Bay leaves are one of the most popular ingredients of Indian cuisine, usually added to curries, biryanis, soups, and stews to add aroma to the dish. Although many people prefer to take out these tiny leaves from the dishes, these herbs have been highly valued for their nutritional and medicinal value in traditional medicine for centuries. Being rich in antioxidants, vitamins, and other beneficial plant compounds, bay leaves may positively influence one’s overall health when used as part of a healthy diet. Here are five science-backed health benefits of bay leaves that make them more than just a flavour enhancer.
Contains antioxidants that protect your cells
Being rich in antioxidants like polyphenols, flavonoids, and vitamin C, bay leaves may protect your body from oxidative stress. Oxidative stress is caused by the action of harmful free radicals that damage the healthy cells, leading to the development of different chronic diseases and premature aging. The consumption of bay leaves regularly may improve the activity of natural protection mechanisms of your body and reduce inflammation, thus helping you to keep cells safe from potential harm. In addition, antioxidants in bay leaves promote healthy skin and overall health of a person.
Promotes digestion
Traditionally, bay leaves were considered to be useful in the case of different gastrointestinal problems. Some compounds in bay leaves stimulate the secretion of digestive enzymes, thus enabling a body to digest the food better. Moreover, the use of bay leaves regularly may reduce some typical symptoms of indigestion such as bloating, pain and excessive gas formation. To promote healthy digestion, you may drink bay leaf water or add the spice to your favourite dishes. However, remember that the whole leaves should be taken out of the dishes since bay leaves are not easily digested.
Helps in regulation of blood sugar levels
Bay leaves have been proven to have some positive impact on the work of insulin and glucose metabolism, thus being useful in managing type 2 diabetes. Plant compounds in bay leaves may improve the effect of insulin on the body, allowing a body to manage blood sugar levels better. Although the consumption of bay leaves will not replace your medication in any way, adding this spice to your healthy diet together with physical activity will help you to keep blood sugar levels under control.
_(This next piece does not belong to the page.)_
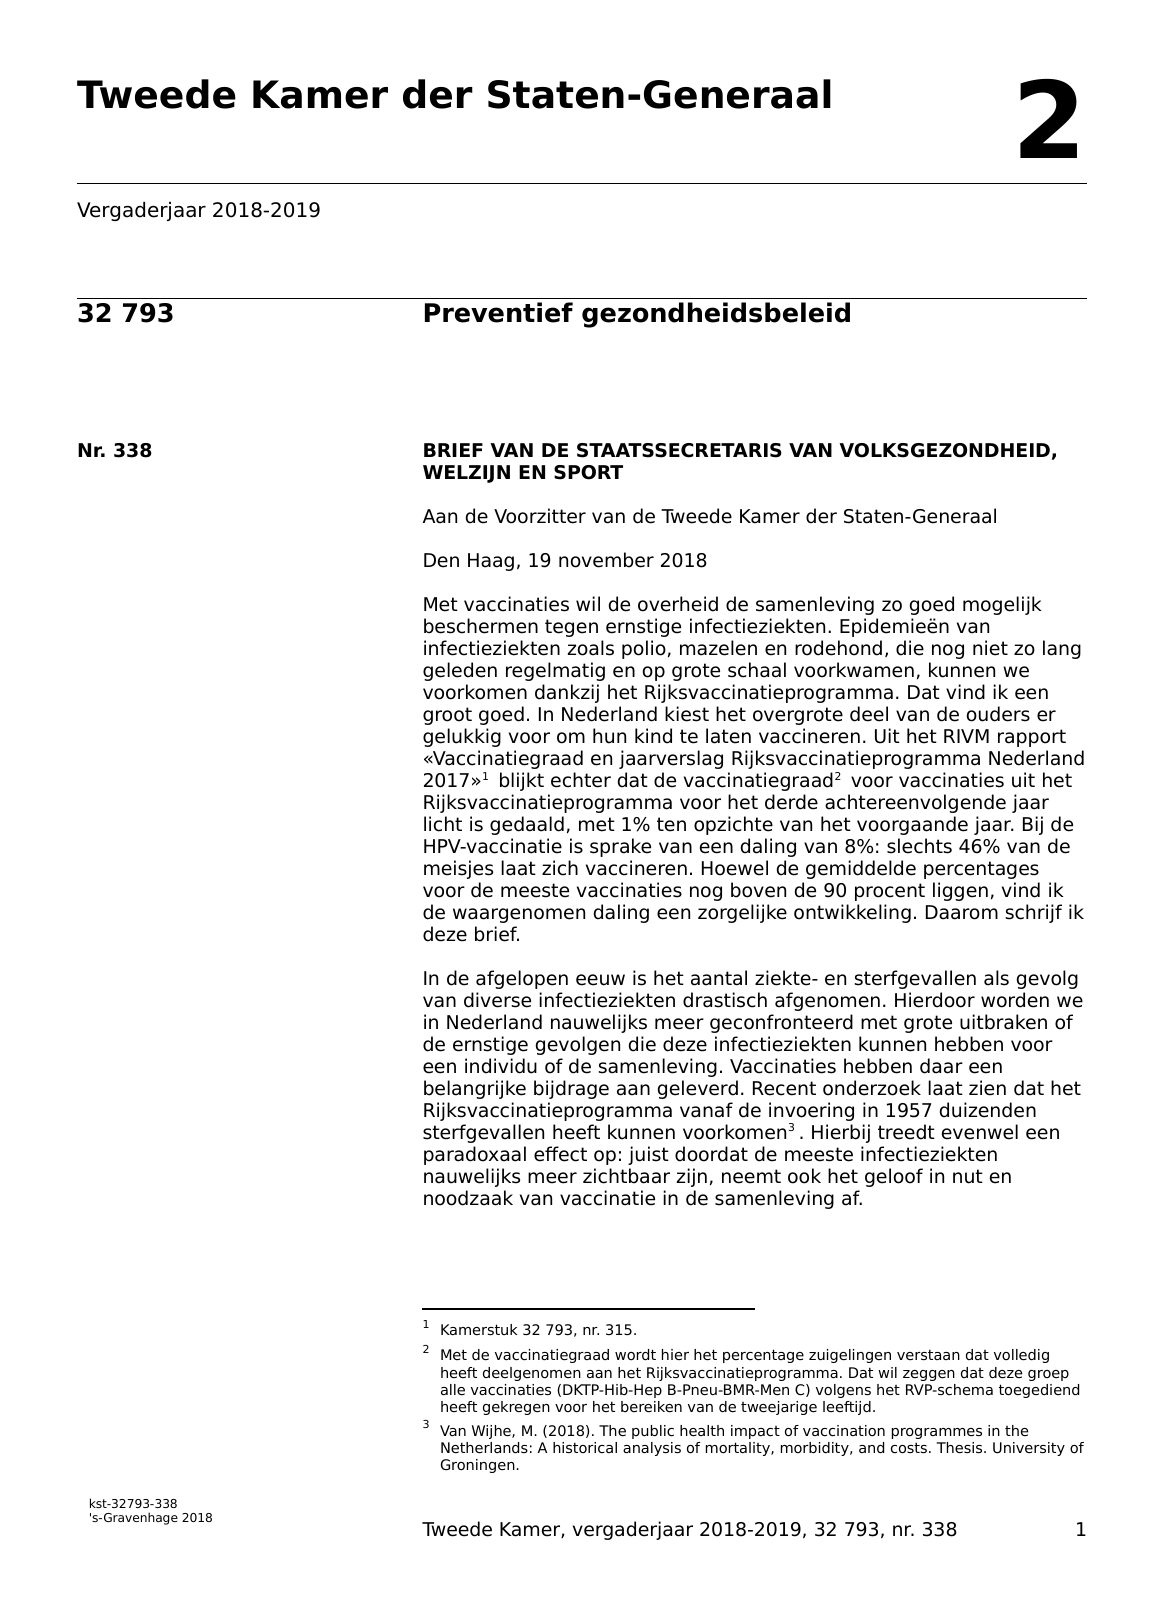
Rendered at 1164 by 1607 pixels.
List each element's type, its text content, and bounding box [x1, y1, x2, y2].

Improves cardiovascular health
Bay leaves are rich in some beneficial plant compounds such as rutin and caffeic acid that are known to positively affect cardiovascular health. These plant compounds may help to strengthen the walls of blood vessels, reduce bad cholesterol levels and improve blood circulation. In addition, thanks to antioxidants in bay leaves, there will be fewer inflammatory processes, which is one of the main causes of heart diseases. The regular consumption of bay leaves as a part of a heart-friendly diet will contribute to cardiovascular health.
Strengthens immune system
Thanks to some antibacterial and antimicrobial compounds as well as vitamins A and C in bay leaves, the intake of these herbs may positively affect immune system. These compounds improve the body’s ability of the body to resist infections, thus reducing the risk of different seasonal diseases. To boost immunity during cold season, you may drink bay leaf tea or add bay leaves to your home-made dishes. Nonetheless, it is important to remember that good nutrition, regular exercise, and enough sleep are also needed for strong immunity.
Disclaimer:
While bay leaves offer several potential health benefits, they should be consumed as part of a balanced diet and not as a substitute for professional medical advice or prescribed treatment. Always consult a healthcare professional before using herbs for medicinal purposes, especially if you are pregnant, breastfeeding, or taking medications.